Bhabha (2004) and Hall (2000) argue that studies with immigrant and other minoritized communities cannot ignore the hegemonic post colonial structures which have shaped their experiences over time and are visible in hybrid identities. Furthermore, with the recognition of identity as fluid, and shifting with intercultural interaction and across difference, immigrant youth may choose to assimilate into practices of the dominant society for strategic positioning. That is, some youth change their literacy practices and adapt to those associated with western societies. They may occupy an in-between space and hop between cultures of home and host countries depending on various situations (Bhabha, 2004). Also, immigrant youth may reject positioning and join resistant groups like youth gangs (Stewart, 2010). They confront new cultures and spaces and negotiate new identities for opportunities to realize their selfhood (Bhabha, 1994). In
acknowledgement of the fluid nature of identity among newcomer youth, McLean (2010) recommends reflexivity with students who often equate “success and power with the process of becoming part of, being like, and being in the dominant group” (p.14) in order to support positive identity of these students.

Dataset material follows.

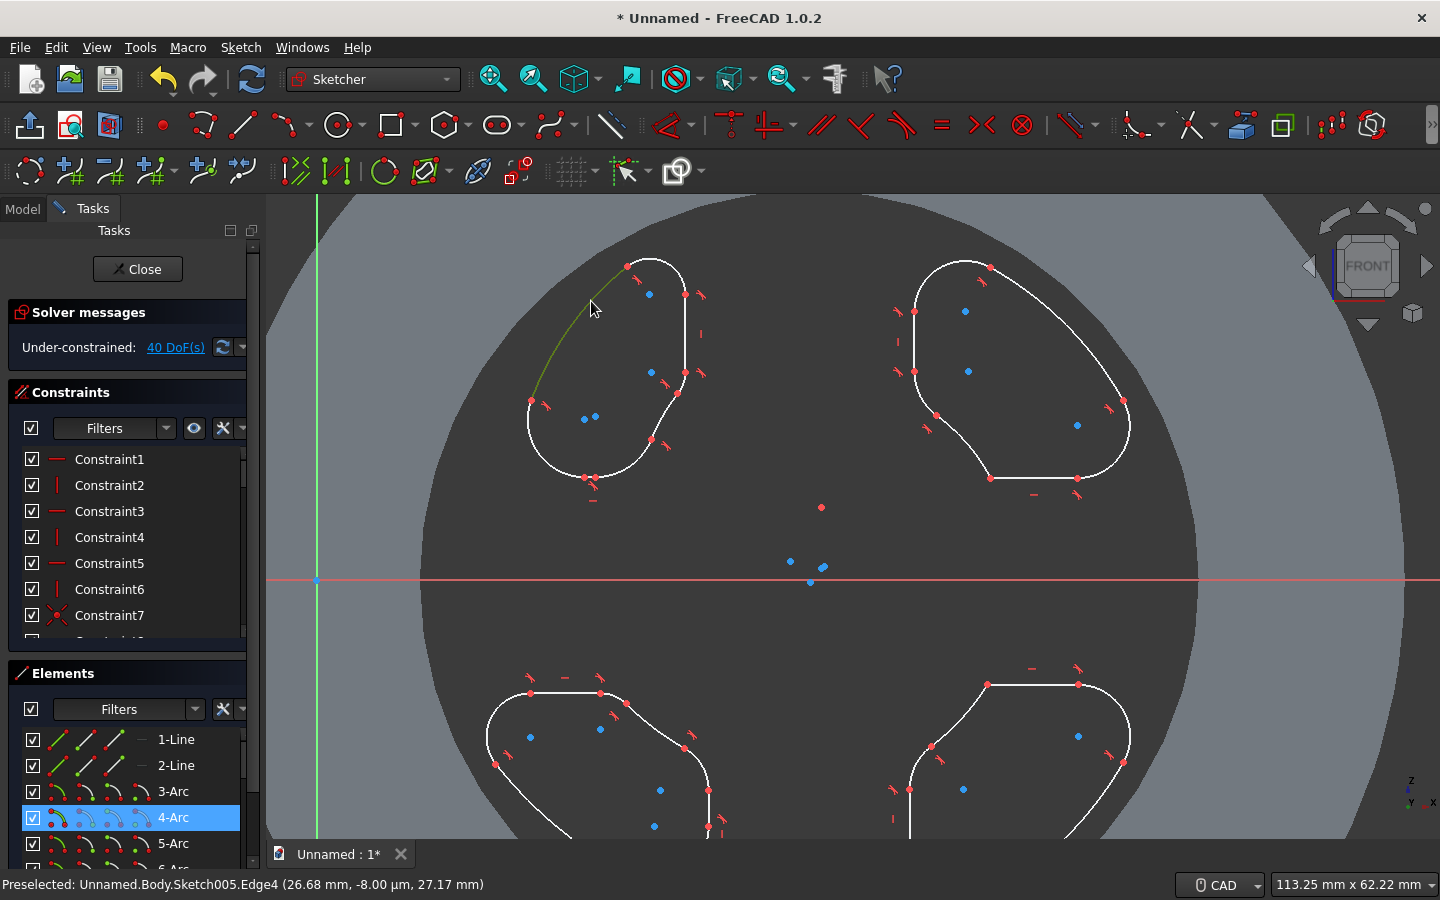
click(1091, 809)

Studies have highlighted the formation of hybrid identities when global and local identities of immigrant students converge (Moje, Ciechanowski, Kramer, Ellis, Carrillo, Collazo 2004; Pahl & Rowsell, 2005). In most cases the literacy practices of immigrant students blend into new hybrid practices which differ from those of school and home (Luke, 2003; Jones, 2000). Empowering classrooms afford learners positive identities and in so doing support language and literacy learning. Cummins (2004) and Moje and Luke (2009) identified that creating opportunities for positive identity formation and allowing student’s experiences and literacy practices in the classrooms, support literacy learning and positive identity reconstruction among the students, especially immigrant students who often face challenges of learning in new schools and sometimes in a new language. Immigrant students’ school and out-of-school literacy practices constitute important funds of knowledge.